Getting to grips with it in recent weeks had, however, been a guilty pleasure for Alice. She intended on cataloguing the glampsite as it developed in order to commission a website when she was a bit closer to being ready, and already she’d bagged some beautiful images of the various stages of the tree house renovation. It was another integral piece of her gossamer-thin spider-web plan to keep hold of the things she loved. Looking at Robinson’s guitar for a few long minutes, she pulled her courage together and touched his shoulder to wake him.
CHAPTER SEVENTEEN
‘Play for me?’
Robinson opened one eye and found Alice lying on her side in bed beside him, all naked curves and wild blonde curls, the most heaven-sent woodland nymph ever. The words coming from her mouth, however, were nowhere near as heavenly.
‘Go to sleep, Goldilocks,’ he whispered, reaching for her, hoping to pull her in and make her forget. She resisted, putting her palm flat against his chest, the resolute look in her eyes clear even in the pale, moonlit cabin.
‘Please,’ she said. ‘Play your guitar for me.’
‘I can think of plenty of better ways to help you sleep, baby,’ he tried again, smoothing his fingers over the rose tip of her breast. It hardened, and her lips parted slightly, but still she held him back.

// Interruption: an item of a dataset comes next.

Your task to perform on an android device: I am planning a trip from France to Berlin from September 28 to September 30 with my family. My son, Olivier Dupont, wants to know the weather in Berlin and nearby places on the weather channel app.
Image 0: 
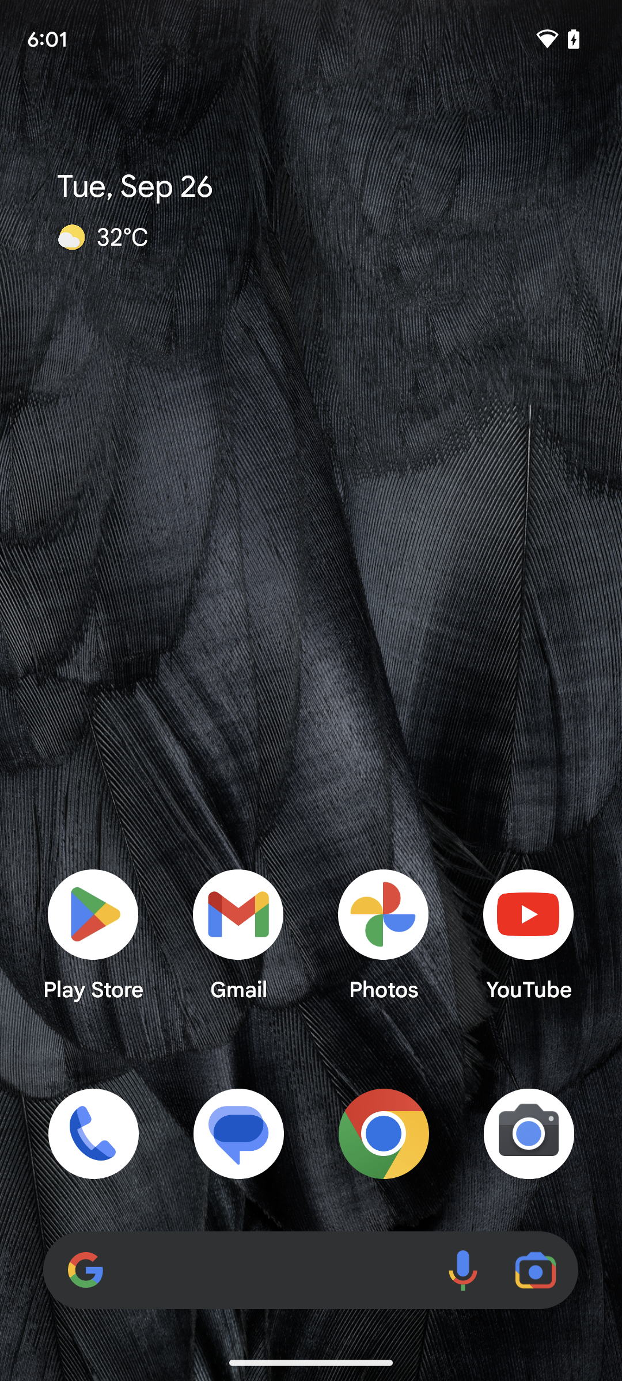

‘Afterwards,’ she murmured, and his body was already awake enough and reacting to hers to find her promise encouraging.
‘Anything else, Alice. Ask me for anything but that and it’s yours.’
‘I don’t want anything else,’ she said. ‘Robinson, I watched you walk over from the house earlier with your guitar on your back and you looked … I don’t know … more complete? I know you as a man, not a musician, but even I could seethatmuch. I only know half of you, and I’d love to know the other half too, if you’ll let me.’
‘Alice, I know you think you’re helping me here, but you’re really not,’ he said. ‘I’m not hiding half of myself. I’m changing. It’s different.’
‘Yet you still went to the trouble of bringing your guitar with you when you came over here,’ she said. He had to give it to the girl, she was as stubborn as a goddamn ox when she wanted to be.
‘Habit. Pure and simple. I’ve travelled with my guitar since I was fifteen years old,’ he countered, even though the decision to bring his guitar to England hadn’t been anywhere near that clean cut in reality. He’d left home without it, driven twenty miles out towards the airport, and then turned back around to fetch it, his heart pounding out of his chest. But just because he had it close by didn’t mean he necessarily had to play it. It just meant that he had the choice, and right now he was choosing not to.
Alice stroked his fingers. ‘I’d love to hear you. I’m not asking you to sing. Just play for me?’
He knew what she was doing. Little by little. Bit by bit. Piece by piece. Crumb by crumb.